# Rocks



## AceT9 (May 29, 2006)

I have seen many many pictures with rocks on the top..I dont really understand how you do that..do you put some rocks at the bottom then the soil then rocks..I just dont get it.....If anyone could explain it to me that would be great

P.S. what is the point of the rocks?


----------



## fusible (May 29, 2006)

Hey ace! Some people put rocks at bottom of the first couple of inches of the container they use for drainage. If you're talking about the white "rocks" on the top of the soil, that's most likely perlite. Perlite looks like little white rocks and is added to the soil to loosen it up, also for drainage.


----------



## Biffdoggie (May 29, 2006)

The "rocks" will normally be called hydroton or something similar, the idea for soil use is to put some in the bottom to allow good drainage from the pots, some folks might mix some in the soil also, I'm not sure.
They are very common in hydro systems because they don't hold water for more than a few minutes at a time so you can water pretty often (6,7,8 times a day when they are big) to get plenty of nutes to the roots without worrying about over-watering. They are also reusable as long as you clean them.


----------



## Insane (May 29, 2006)

hey Ace. I use garden rocks (golfball sized rocks) at the bottom of my pots so that the soil doesn't clog up the drainage holes. And yes, those little white pebbles in the soil is perlite. It's a really good soil additive, it's best to 'bite the bullet' and buy a good brand of potting soil that already has added goodies like Perlite and Vermiculite, but make sure it doesn't have any chemical ferts or 'time release' ferts.


----------



## AceT9 (May 29, 2006)

Okay thanks for the info, now i know why they have the rocks at the bottom..but why do some people put them at the top?..Also do you put the "Golfball sized rocks" right when you plant your seed or when it gets bigger..and what happens if the roots hit the rocks...nothing?


----------



## Biffdoggie (May 29, 2006)

The roots will grow into the rocks as they please, they actually love the hydroton because they will just run through the cracks between the rocks so it takes a little less effort.

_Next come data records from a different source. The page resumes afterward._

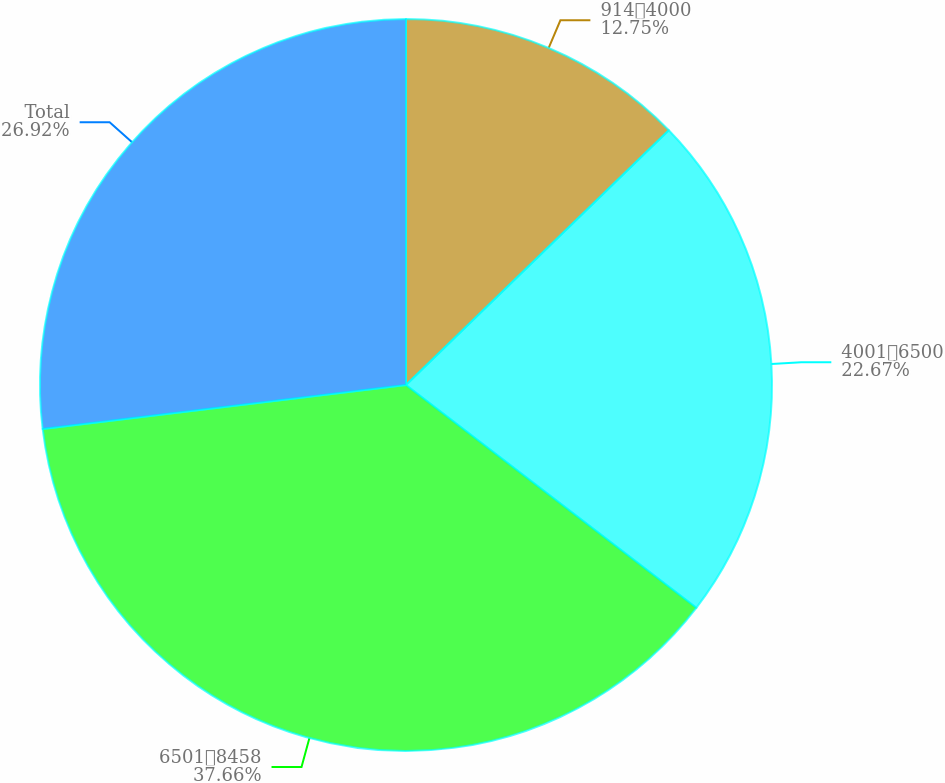<chart> <loc_0><loc_0><loc_500><loc_500><pie_chart><fcel>9144000<fcel>40016500<fcel>65018458<fcel>Total<nl><fcel>12.75%<fcel>22.67%<fcel>37.67%<fcel>26.92%<nl></chart> 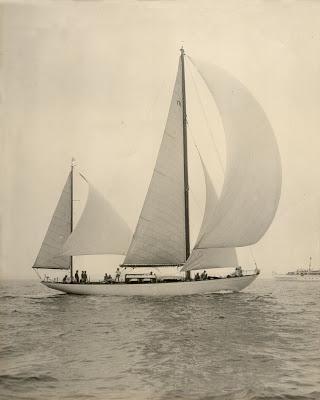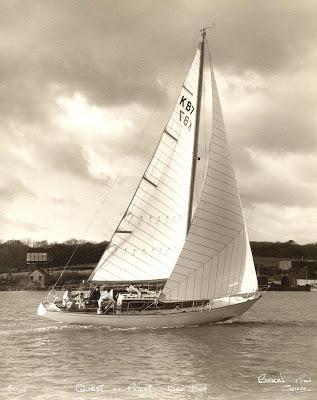The first image is the image on the left, the second image is the image on the right. Considering the images on both sides, is "The left image shows a sailboat with a small triangle sail on the left and a nearly flat horizon and a non-blue sky." valid? Answer yes or no. Yes. The first image is the image on the left, the second image is the image on the right. For the images displayed, is the sentence "In the image to the left, the boat has more than four sails unfurled." factually correct? Answer yes or no. Yes. 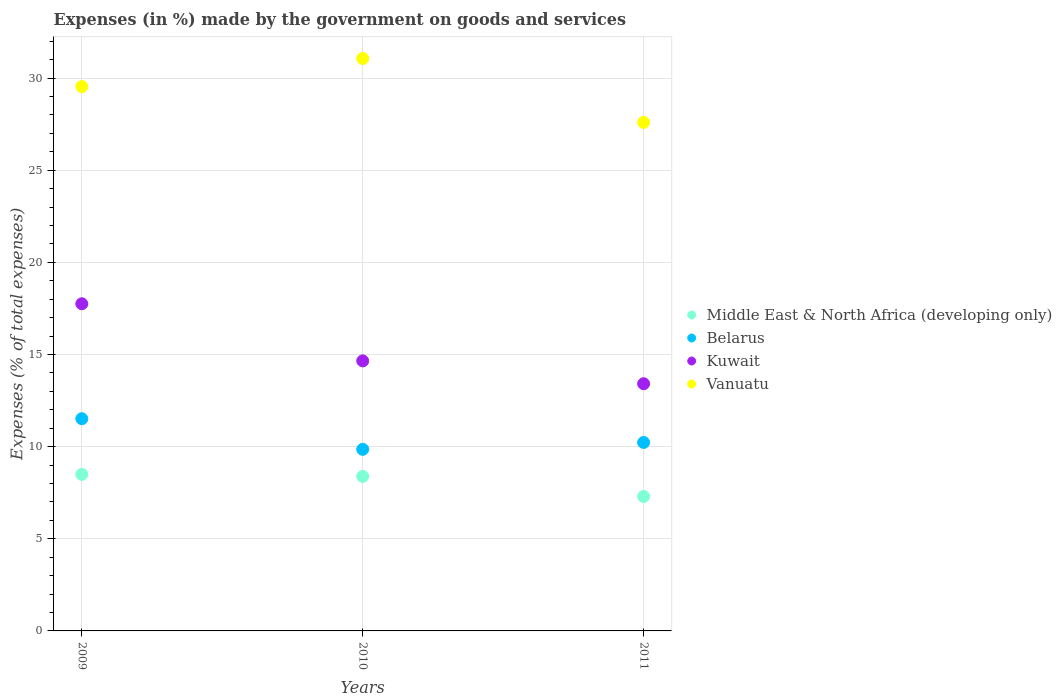What is the percentage of expenses made by the government on goods and services in Middle East & North Africa (developing only) in 2011?
Ensure brevity in your answer.  7.3. Across all years, what is the maximum percentage of expenses made by the government on goods and services in Middle East & North Africa (developing only)?
Give a very brief answer. 8.49. Across all years, what is the minimum percentage of expenses made by the government on goods and services in Kuwait?
Your answer should be very brief. 13.41. In which year was the percentage of expenses made by the government on goods and services in Belarus maximum?
Offer a terse response. 2009. What is the total percentage of expenses made by the government on goods and services in Kuwait in the graph?
Offer a terse response. 45.82. What is the difference between the percentage of expenses made by the government on goods and services in Middle East & North Africa (developing only) in 2009 and that in 2010?
Make the answer very short. 0.11. What is the difference between the percentage of expenses made by the government on goods and services in Vanuatu in 2009 and the percentage of expenses made by the government on goods and services in Kuwait in 2010?
Offer a terse response. 14.88. What is the average percentage of expenses made by the government on goods and services in Kuwait per year?
Offer a very short reply. 15.27. In the year 2010, what is the difference between the percentage of expenses made by the government on goods and services in Kuwait and percentage of expenses made by the government on goods and services in Vanuatu?
Keep it short and to the point. -16.41. What is the ratio of the percentage of expenses made by the government on goods and services in Kuwait in 2009 to that in 2010?
Give a very brief answer. 1.21. Is the percentage of expenses made by the government on goods and services in Middle East & North Africa (developing only) in 2009 less than that in 2010?
Provide a succinct answer. No. What is the difference between the highest and the second highest percentage of expenses made by the government on goods and services in Belarus?
Your response must be concise. 1.29. What is the difference between the highest and the lowest percentage of expenses made by the government on goods and services in Kuwait?
Offer a terse response. 4.34. In how many years, is the percentage of expenses made by the government on goods and services in Vanuatu greater than the average percentage of expenses made by the government on goods and services in Vanuatu taken over all years?
Keep it short and to the point. 2. Is the sum of the percentage of expenses made by the government on goods and services in Vanuatu in 2009 and 2011 greater than the maximum percentage of expenses made by the government on goods and services in Belarus across all years?
Offer a very short reply. Yes. Is the percentage of expenses made by the government on goods and services in Belarus strictly greater than the percentage of expenses made by the government on goods and services in Middle East & North Africa (developing only) over the years?
Provide a short and direct response. Yes. Is the percentage of expenses made by the government on goods and services in Middle East & North Africa (developing only) strictly less than the percentage of expenses made by the government on goods and services in Vanuatu over the years?
Keep it short and to the point. Yes. How many years are there in the graph?
Ensure brevity in your answer.  3. Are the values on the major ticks of Y-axis written in scientific E-notation?
Your answer should be very brief. No. Where does the legend appear in the graph?
Provide a succinct answer. Center right. How many legend labels are there?
Offer a very short reply. 4. What is the title of the graph?
Provide a short and direct response. Expenses (in %) made by the government on goods and services. What is the label or title of the Y-axis?
Offer a terse response. Expenses (% of total expenses). What is the Expenses (% of total expenses) of Middle East & North Africa (developing only) in 2009?
Your answer should be compact. 8.49. What is the Expenses (% of total expenses) of Belarus in 2009?
Give a very brief answer. 11.51. What is the Expenses (% of total expenses) in Kuwait in 2009?
Offer a very short reply. 17.75. What is the Expenses (% of total expenses) in Vanuatu in 2009?
Provide a succinct answer. 29.54. What is the Expenses (% of total expenses) of Middle East & North Africa (developing only) in 2010?
Provide a succinct answer. 8.38. What is the Expenses (% of total expenses) in Belarus in 2010?
Your response must be concise. 9.85. What is the Expenses (% of total expenses) in Kuwait in 2010?
Keep it short and to the point. 14.65. What is the Expenses (% of total expenses) in Vanuatu in 2010?
Give a very brief answer. 31.06. What is the Expenses (% of total expenses) in Middle East & North Africa (developing only) in 2011?
Provide a short and direct response. 7.3. What is the Expenses (% of total expenses) in Belarus in 2011?
Provide a succinct answer. 10.23. What is the Expenses (% of total expenses) in Kuwait in 2011?
Keep it short and to the point. 13.41. What is the Expenses (% of total expenses) of Vanuatu in 2011?
Offer a very short reply. 27.6. Across all years, what is the maximum Expenses (% of total expenses) of Middle East & North Africa (developing only)?
Provide a short and direct response. 8.49. Across all years, what is the maximum Expenses (% of total expenses) of Belarus?
Offer a terse response. 11.51. Across all years, what is the maximum Expenses (% of total expenses) of Kuwait?
Offer a terse response. 17.75. Across all years, what is the maximum Expenses (% of total expenses) in Vanuatu?
Keep it short and to the point. 31.06. Across all years, what is the minimum Expenses (% of total expenses) of Middle East & North Africa (developing only)?
Your answer should be compact. 7.3. Across all years, what is the minimum Expenses (% of total expenses) of Belarus?
Offer a terse response. 9.85. Across all years, what is the minimum Expenses (% of total expenses) in Kuwait?
Provide a short and direct response. 13.41. Across all years, what is the minimum Expenses (% of total expenses) in Vanuatu?
Your answer should be very brief. 27.6. What is the total Expenses (% of total expenses) of Middle East & North Africa (developing only) in the graph?
Your response must be concise. 24.17. What is the total Expenses (% of total expenses) of Belarus in the graph?
Your answer should be very brief. 31.6. What is the total Expenses (% of total expenses) in Kuwait in the graph?
Your answer should be compact. 45.82. What is the total Expenses (% of total expenses) in Vanuatu in the graph?
Keep it short and to the point. 88.19. What is the difference between the Expenses (% of total expenses) in Middle East & North Africa (developing only) in 2009 and that in 2010?
Your response must be concise. 0.11. What is the difference between the Expenses (% of total expenses) in Belarus in 2009 and that in 2010?
Provide a succinct answer. 1.66. What is the difference between the Expenses (% of total expenses) of Kuwait in 2009 and that in 2010?
Give a very brief answer. 3.1. What is the difference between the Expenses (% of total expenses) in Vanuatu in 2009 and that in 2010?
Make the answer very short. -1.53. What is the difference between the Expenses (% of total expenses) in Middle East & North Africa (developing only) in 2009 and that in 2011?
Offer a terse response. 1.2. What is the difference between the Expenses (% of total expenses) in Belarus in 2009 and that in 2011?
Keep it short and to the point. 1.29. What is the difference between the Expenses (% of total expenses) of Kuwait in 2009 and that in 2011?
Provide a short and direct response. 4.34. What is the difference between the Expenses (% of total expenses) of Vanuatu in 2009 and that in 2011?
Make the answer very short. 1.94. What is the difference between the Expenses (% of total expenses) in Middle East & North Africa (developing only) in 2010 and that in 2011?
Provide a succinct answer. 1.09. What is the difference between the Expenses (% of total expenses) of Belarus in 2010 and that in 2011?
Ensure brevity in your answer.  -0.37. What is the difference between the Expenses (% of total expenses) in Kuwait in 2010 and that in 2011?
Provide a short and direct response. 1.24. What is the difference between the Expenses (% of total expenses) of Vanuatu in 2010 and that in 2011?
Provide a succinct answer. 3.47. What is the difference between the Expenses (% of total expenses) in Middle East & North Africa (developing only) in 2009 and the Expenses (% of total expenses) in Belarus in 2010?
Your answer should be compact. -1.36. What is the difference between the Expenses (% of total expenses) of Middle East & North Africa (developing only) in 2009 and the Expenses (% of total expenses) of Kuwait in 2010?
Keep it short and to the point. -6.16. What is the difference between the Expenses (% of total expenses) of Middle East & North Africa (developing only) in 2009 and the Expenses (% of total expenses) of Vanuatu in 2010?
Your answer should be compact. -22.57. What is the difference between the Expenses (% of total expenses) in Belarus in 2009 and the Expenses (% of total expenses) in Kuwait in 2010?
Ensure brevity in your answer.  -3.14. What is the difference between the Expenses (% of total expenses) in Belarus in 2009 and the Expenses (% of total expenses) in Vanuatu in 2010?
Offer a terse response. -19.55. What is the difference between the Expenses (% of total expenses) in Kuwait in 2009 and the Expenses (% of total expenses) in Vanuatu in 2010?
Your response must be concise. -13.31. What is the difference between the Expenses (% of total expenses) in Middle East & North Africa (developing only) in 2009 and the Expenses (% of total expenses) in Belarus in 2011?
Provide a succinct answer. -1.73. What is the difference between the Expenses (% of total expenses) in Middle East & North Africa (developing only) in 2009 and the Expenses (% of total expenses) in Kuwait in 2011?
Your answer should be very brief. -4.92. What is the difference between the Expenses (% of total expenses) in Middle East & North Africa (developing only) in 2009 and the Expenses (% of total expenses) in Vanuatu in 2011?
Your answer should be compact. -19.1. What is the difference between the Expenses (% of total expenses) in Belarus in 2009 and the Expenses (% of total expenses) in Kuwait in 2011?
Provide a succinct answer. -1.9. What is the difference between the Expenses (% of total expenses) in Belarus in 2009 and the Expenses (% of total expenses) in Vanuatu in 2011?
Make the answer very short. -16.08. What is the difference between the Expenses (% of total expenses) of Kuwait in 2009 and the Expenses (% of total expenses) of Vanuatu in 2011?
Provide a short and direct response. -9.84. What is the difference between the Expenses (% of total expenses) of Middle East & North Africa (developing only) in 2010 and the Expenses (% of total expenses) of Belarus in 2011?
Your answer should be compact. -1.84. What is the difference between the Expenses (% of total expenses) of Middle East & North Africa (developing only) in 2010 and the Expenses (% of total expenses) of Kuwait in 2011?
Your answer should be very brief. -5.03. What is the difference between the Expenses (% of total expenses) of Middle East & North Africa (developing only) in 2010 and the Expenses (% of total expenses) of Vanuatu in 2011?
Your answer should be very brief. -19.21. What is the difference between the Expenses (% of total expenses) in Belarus in 2010 and the Expenses (% of total expenses) in Kuwait in 2011?
Your answer should be very brief. -3.56. What is the difference between the Expenses (% of total expenses) of Belarus in 2010 and the Expenses (% of total expenses) of Vanuatu in 2011?
Your response must be concise. -17.74. What is the difference between the Expenses (% of total expenses) of Kuwait in 2010 and the Expenses (% of total expenses) of Vanuatu in 2011?
Offer a terse response. -12.94. What is the average Expenses (% of total expenses) of Middle East & North Africa (developing only) per year?
Ensure brevity in your answer.  8.06. What is the average Expenses (% of total expenses) in Belarus per year?
Keep it short and to the point. 10.53. What is the average Expenses (% of total expenses) in Kuwait per year?
Keep it short and to the point. 15.27. What is the average Expenses (% of total expenses) in Vanuatu per year?
Ensure brevity in your answer.  29.4. In the year 2009, what is the difference between the Expenses (% of total expenses) of Middle East & North Africa (developing only) and Expenses (% of total expenses) of Belarus?
Keep it short and to the point. -3.02. In the year 2009, what is the difference between the Expenses (% of total expenses) in Middle East & North Africa (developing only) and Expenses (% of total expenses) in Kuwait?
Offer a terse response. -9.26. In the year 2009, what is the difference between the Expenses (% of total expenses) of Middle East & North Africa (developing only) and Expenses (% of total expenses) of Vanuatu?
Ensure brevity in your answer.  -21.04. In the year 2009, what is the difference between the Expenses (% of total expenses) of Belarus and Expenses (% of total expenses) of Kuwait?
Offer a terse response. -6.24. In the year 2009, what is the difference between the Expenses (% of total expenses) in Belarus and Expenses (% of total expenses) in Vanuatu?
Provide a succinct answer. -18.02. In the year 2009, what is the difference between the Expenses (% of total expenses) in Kuwait and Expenses (% of total expenses) in Vanuatu?
Your answer should be very brief. -11.78. In the year 2010, what is the difference between the Expenses (% of total expenses) in Middle East & North Africa (developing only) and Expenses (% of total expenses) in Belarus?
Keep it short and to the point. -1.47. In the year 2010, what is the difference between the Expenses (% of total expenses) of Middle East & North Africa (developing only) and Expenses (% of total expenses) of Kuwait?
Ensure brevity in your answer.  -6.27. In the year 2010, what is the difference between the Expenses (% of total expenses) in Middle East & North Africa (developing only) and Expenses (% of total expenses) in Vanuatu?
Your answer should be compact. -22.68. In the year 2010, what is the difference between the Expenses (% of total expenses) in Belarus and Expenses (% of total expenses) in Kuwait?
Offer a terse response. -4.8. In the year 2010, what is the difference between the Expenses (% of total expenses) of Belarus and Expenses (% of total expenses) of Vanuatu?
Make the answer very short. -21.21. In the year 2010, what is the difference between the Expenses (% of total expenses) in Kuwait and Expenses (% of total expenses) in Vanuatu?
Make the answer very short. -16.41. In the year 2011, what is the difference between the Expenses (% of total expenses) of Middle East & North Africa (developing only) and Expenses (% of total expenses) of Belarus?
Give a very brief answer. -2.93. In the year 2011, what is the difference between the Expenses (% of total expenses) of Middle East & North Africa (developing only) and Expenses (% of total expenses) of Kuwait?
Your response must be concise. -6.12. In the year 2011, what is the difference between the Expenses (% of total expenses) of Middle East & North Africa (developing only) and Expenses (% of total expenses) of Vanuatu?
Give a very brief answer. -20.3. In the year 2011, what is the difference between the Expenses (% of total expenses) in Belarus and Expenses (% of total expenses) in Kuwait?
Offer a very short reply. -3.19. In the year 2011, what is the difference between the Expenses (% of total expenses) of Belarus and Expenses (% of total expenses) of Vanuatu?
Your answer should be very brief. -17.37. In the year 2011, what is the difference between the Expenses (% of total expenses) in Kuwait and Expenses (% of total expenses) in Vanuatu?
Ensure brevity in your answer.  -14.18. What is the ratio of the Expenses (% of total expenses) in Middle East & North Africa (developing only) in 2009 to that in 2010?
Keep it short and to the point. 1.01. What is the ratio of the Expenses (% of total expenses) in Belarus in 2009 to that in 2010?
Provide a succinct answer. 1.17. What is the ratio of the Expenses (% of total expenses) in Kuwait in 2009 to that in 2010?
Provide a succinct answer. 1.21. What is the ratio of the Expenses (% of total expenses) in Vanuatu in 2009 to that in 2010?
Keep it short and to the point. 0.95. What is the ratio of the Expenses (% of total expenses) in Middle East & North Africa (developing only) in 2009 to that in 2011?
Your response must be concise. 1.16. What is the ratio of the Expenses (% of total expenses) of Belarus in 2009 to that in 2011?
Offer a very short reply. 1.13. What is the ratio of the Expenses (% of total expenses) in Kuwait in 2009 to that in 2011?
Offer a terse response. 1.32. What is the ratio of the Expenses (% of total expenses) in Vanuatu in 2009 to that in 2011?
Provide a short and direct response. 1.07. What is the ratio of the Expenses (% of total expenses) of Middle East & North Africa (developing only) in 2010 to that in 2011?
Ensure brevity in your answer.  1.15. What is the ratio of the Expenses (% of total expenses) in Belarus in 2010 to that in 2011?
Give a very brief answer. 0.96. What is the ratio of the Expenses (% of total expenses) in Kuwait in 2010 to that in 2011?
Your response must be concise. 1.09. What is the ratio of the Expenses (% of total expenses) of Vanuatu in 2010 to that in 2011?
Offer a very short reply. 1.13. What is the difference between the highest and the second highest Expenses (% of total expenses) of Middle East & North Africa (developing only)?
Offer a terse response. 0.11. What is the difference between the highest and the second highest Expenses (% of total expenses) of Belarus?
Offer a very short reply. 1.29. What is the difference between the highest and the second highest Expenses (% of total expenses) in Kuwait?
Your response must be concise. 3.1. What is the difference between the highest and the second highest Expenses (% of total expenses) of Vanuatu?
Your answer should be compact. 1.53. What is the difference between the highest and the lowest Expenses (% of total expenses) in Middle East & North Africa (developing only)?
Your response must be concise. 1.2. What is the difference between the highest and the lowest Expenses (% of total expenses) in Belarus?
Offer a terse response. 1.66. What is the difference between the highest and the lowest Expenses (% of total expenses) of Kuwait?
Keep it short and to the point. 4.34. What is the difference between the highest and the lowest Expenses (% of total expenses) of Vanuatu?
Provide a short and direct response. 3.47.

The rocks on top could be to keep light off to stop algae growth or something, I don't see any real reason you need it for soil.


----------



## AceT9 (May 29, 2006)

Okay thank you everyone for the information...Can i get the rocks from any where or do i have to buy them? Can i go over to a house that is being build and snatch a few of them?


----------



## Insane (May 29, 2006)

I agree with Biff. I see no reason for rocks on top of the soil. 

I put rocks at the very bottom of the pot before there is even any soil in there. The only purpose of the rocks is to be at the bottom of the pots to protect the drainage holes from being clogged up by dirt. This also helps soil soil airation to a certain degree, depending on how many holes you have in your pots and how much air circulation you have in your grow.


----------



## GanjaGuru (May 29, 2006)

Perlite are puffed-up type things (like Rice Krispies).  They look like rocks but aren't.  Sometimes after repeated waterings they tend to "migrate" to the top of the soil.
You put rocks (or gravel) in the container first, then add soil, then the plant.


----------



## AceT9 (May 29, 2006)

what size should these rocks be? alot of little ones or like 5 big ones


----------



## adam420 (May 29, 2006)

I think what ace means by rocks on the top, Hydroponics.


----------



## AceT9 (May 29, 2006)

I am talking about the big rocks..i just want to know how MANY rocks should i put in my pot.........


----------



## Biffdoggie (May 29, 2006)

They can be little or big I reckon, if you buy hydroton they will be smaller, I would go with 2-3" of medium sized rocks/gravel on the bottom.


----------